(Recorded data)

......

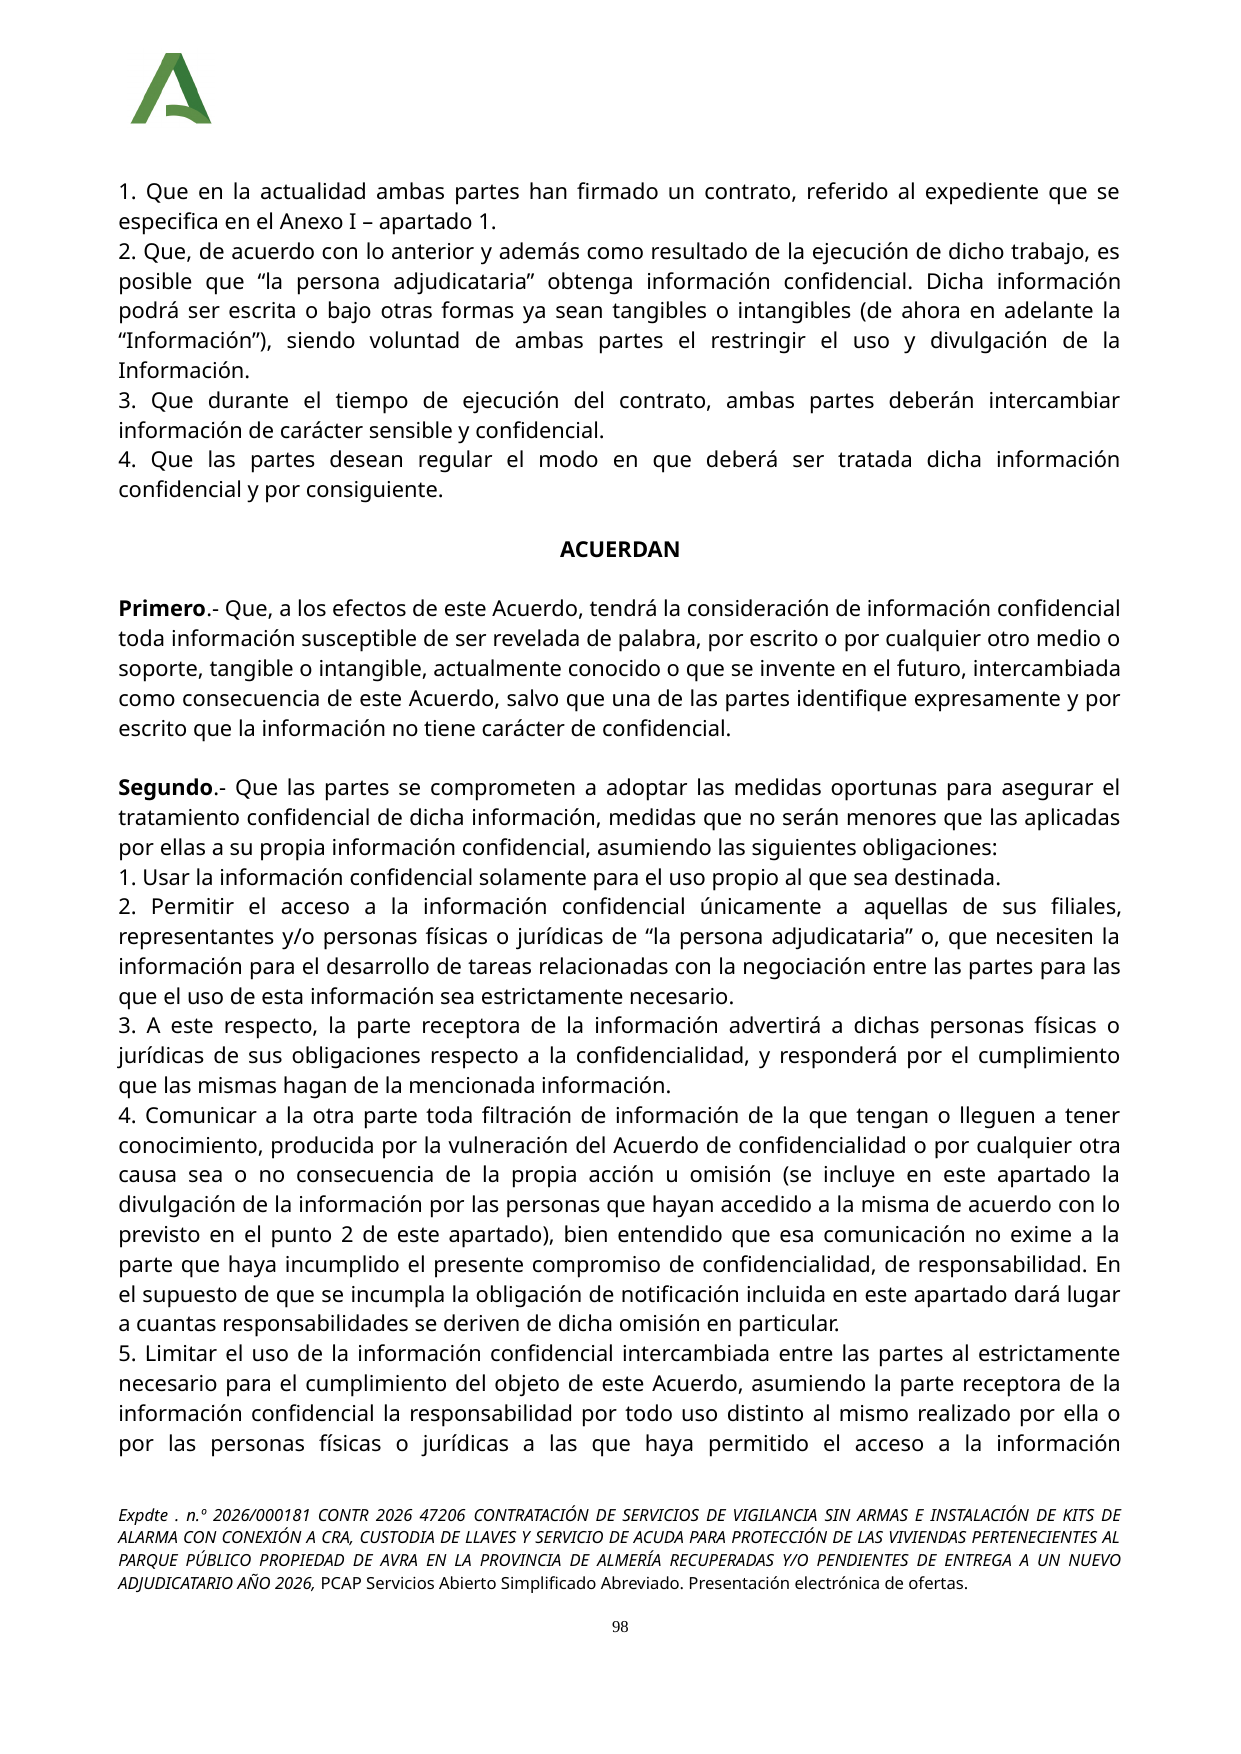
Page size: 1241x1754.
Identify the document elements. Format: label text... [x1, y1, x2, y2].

text 4. Comunicar a la otra parte toda filtración de información de la que tengan o lleguen a tener conocimiento, producida por la vulneración del Acuerdo de confidencialidad o por cualquier otra causa sea o no consecuencia de la propia acción u omisión (se incluye en este apartado la divulgación de la información por las personas que hayan accedido a la misma de acuerdo con lo previsto en el punto 2 de este apartado), bien entendido que esa comunicación no exime a la parte que haya incumplido el presente compromiso de confidencialidad, de responsabilidad. En el supuesto de que se incumpla la obligación de notificación incluida en este apartado dará lugar a cuantas responsabilidades se deriven de dicha omisión en particular. [118, 1100, 1122, 1338]
text ACUERDAN [118, 534, 1122, 564]
text 1. Usar la información confidencial solamente para el uso propio al que sea destinada. [118, 862, 1122, 891]
text 3. Que durante el tiempo de ejecución del contrato, ambas partes deberán intercambiar información de carácter sensible y confidencial. [118, 385, 1122, 444]
text 4. Que las partes desean regular el modo en que deberá ser tratada dicha información confidencial y por consiguiente. [118, 444, 1122, 504]
text Segundo.- Que las partes se comprometen a adoptar las medidas oportunas para asegurar el tratamiento confidencial de dicha información, medidas que no serán menores que las aplicadas por ellas a su propia información confidencial, asumiendo las siguientes obligaciones: [118, 772, 1122, 862]
text Primero.- Que, a los efectos de este Acuerdo, tendrá la consideración de información confidencial toda información susceptible de ser revelada de palabra, por escrito o por cualquier otro medio o soporte, tangible o intangible, actualmente conocido o que se invente en el futuro, intercambiada como consecuencia de este Acuerdo, salvo que una de las partes identifique expresamente y por escrito que la información no tiene carácter de confidencial. [118, 593, 1122, 742]
text 5. Limitar el uso de la información confidencial intercambiada entre las partes al estrictamente necesario para el cumplimiento del objeto de este Acuerdo, asumiendo la parte receptora de la información confidencial la responsabilidad por todo uso distinto al mismo realizado por ella o por las personas físicas o jurídicas a las que haya permitido el acceso a la información [118, 1338, 1122, 1457]
picture [127, 48, 216, 128]
text 2. Permitir el acceso a la información confidencial únicamente a aquellas de sus filiales, representantes y/o personas físicas o jurídicas de “la persona adjudicataria” o, que necesiten la información para el desarrollo de tareas relacionadas con la negociación entre las partes para las que el uso de esta información sea estrictamente necesario. [118, 891, 1122, 1011]
text 3. A este respecto, la parte receptora de la información advertirá a dichas personas físicas o jurídicas de sus obligaciones respecto a la confidencialidad, y responderá por el cumplimiento que las mismas hagan de la mencionada información. [118, 1011, 1122, 1100]
text 2. Que, de acuerdo con lo anterior y además como resultado de la ejecución de dicho trabajo, es posible que “la persona adjudicataria” obtenga información confidencial. Dicha información podrá ser escrita o bajo otras formas ya sean tangibles o intangibles (de ahora en adelante la “Información”), siendo voluntad de ambas partes el restringir el uso y divulgación de la Información. [118, 236, 1122, 385]
text 1. Que en la actualidad ambas partes han firmado un contrato, referido al expediente que se especifica en el Anexo I – apartado 1. [118, 176, 1122, 236]
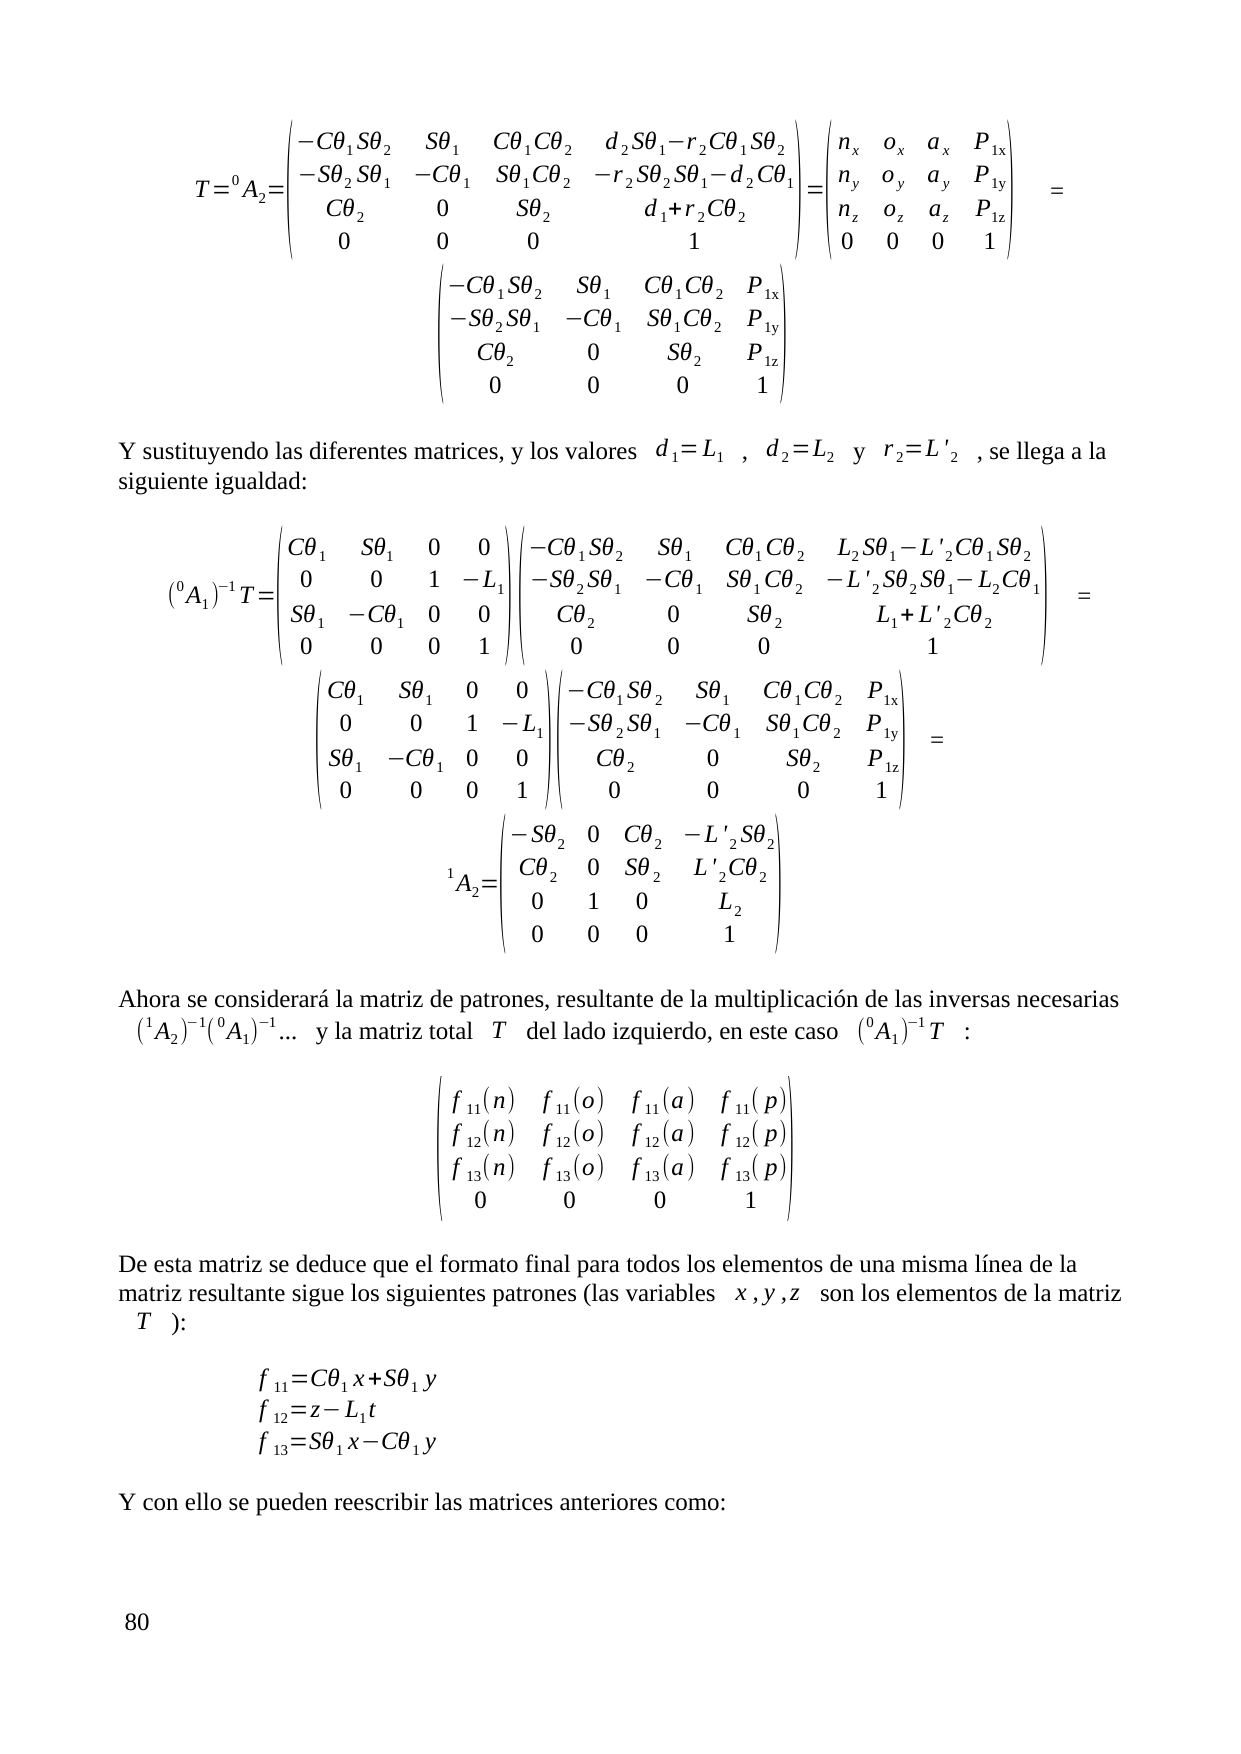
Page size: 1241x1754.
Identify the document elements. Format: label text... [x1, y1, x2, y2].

text = [118, 668, 1122, 812]
text = [118, 524, 1122, 668]
text = [118, 118, 1122, 262]
text Ahora se considerará la matriz de patrones, resultante de la multiplicación de las inversas necesarias y la matriz totaldel lado izquierdo, en este caso: [118, 984, 1122, 1048]
text Y con ello se pueden reescribir las matrices anteriores como: [118, 1487, 1122, 1516]
text Y sustituyendo las diferentes matrices, y los valores,y, se llega a la siguiente igualdad: [118, 435, 1122, 495]
text De esta matriz se deduce que el formato final para todos los elementos de una misma línea de la matriz resultante sigue los siguientes patrones (las variablesson los elementos de la matriz): [118, 1249, 1122, 1336]
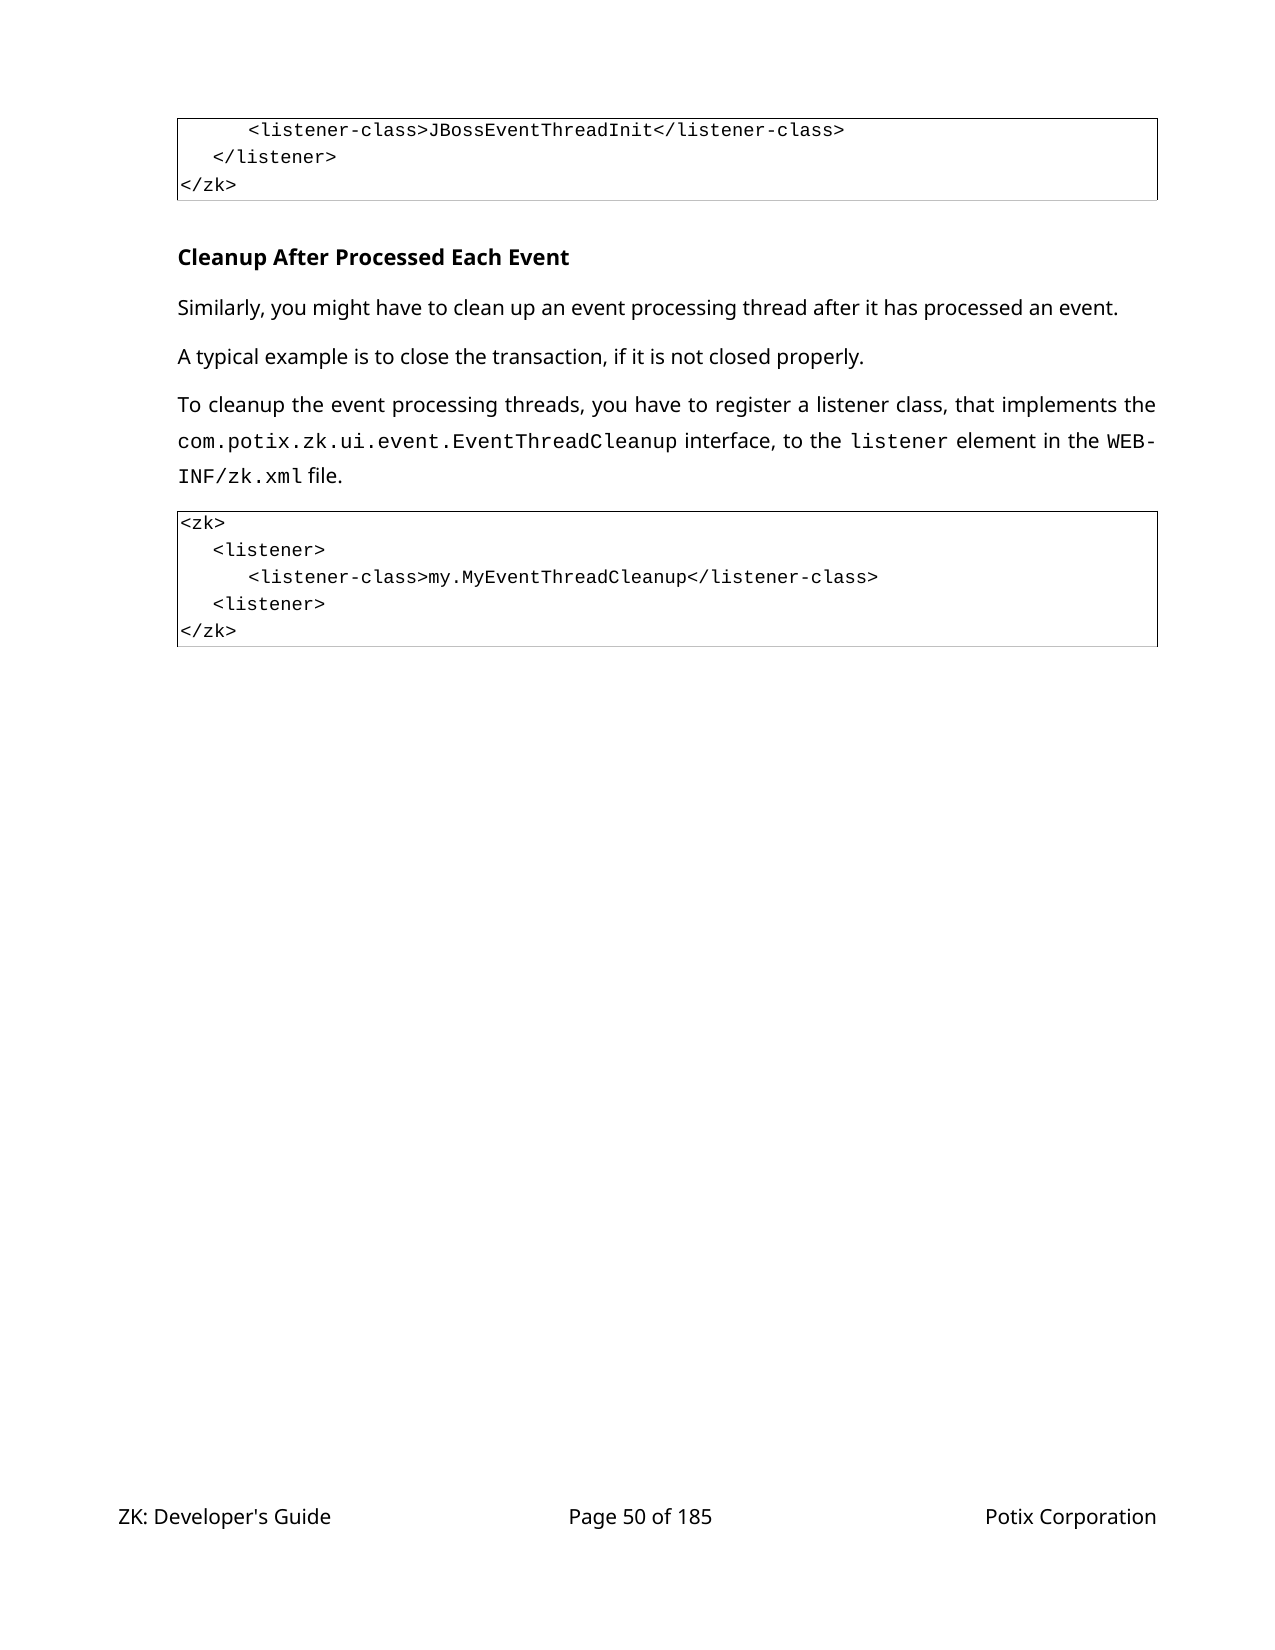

......

- WORK REQUIRED -
Taking the entries above, write out exactly the lines starting with the line containing "text Primero.- Que, a" and going on through the line containing "picture [127, 48, 216, 128]", both included, and nothing else.

- EXERCISE SOLUTION -
text Primero.- Que, a los efectos de este Acuerdo, tendrá la consideración de información confidencial toda información susceptible de ser revelada de palabra, por escrito o por cualquier otro medio o soporte, tangible o intangible, actualmente conocido o que se invente en el futuro, intercambiada como consecuencia de este Acuerdo, salvo que una de las partes identifique expresamente y por escrito que la información no tiene carácter de confidencial. [118, 593, 1122, 742]
text 5. Limitar el uso de la información confidencial intercambiada entre las partes al estrictamente necesario para el cumplimiento del objeto de este Acuerdo, asumiendo la parte receptora de la información confidencial la responsabilidad por todo uso distinto al mismo realizado por ella o por las personas físicas o jurídicas a las que haya permitido el acceso a la información [118, 1338, 1122, 1457]
picture [127, 48, 216, 128]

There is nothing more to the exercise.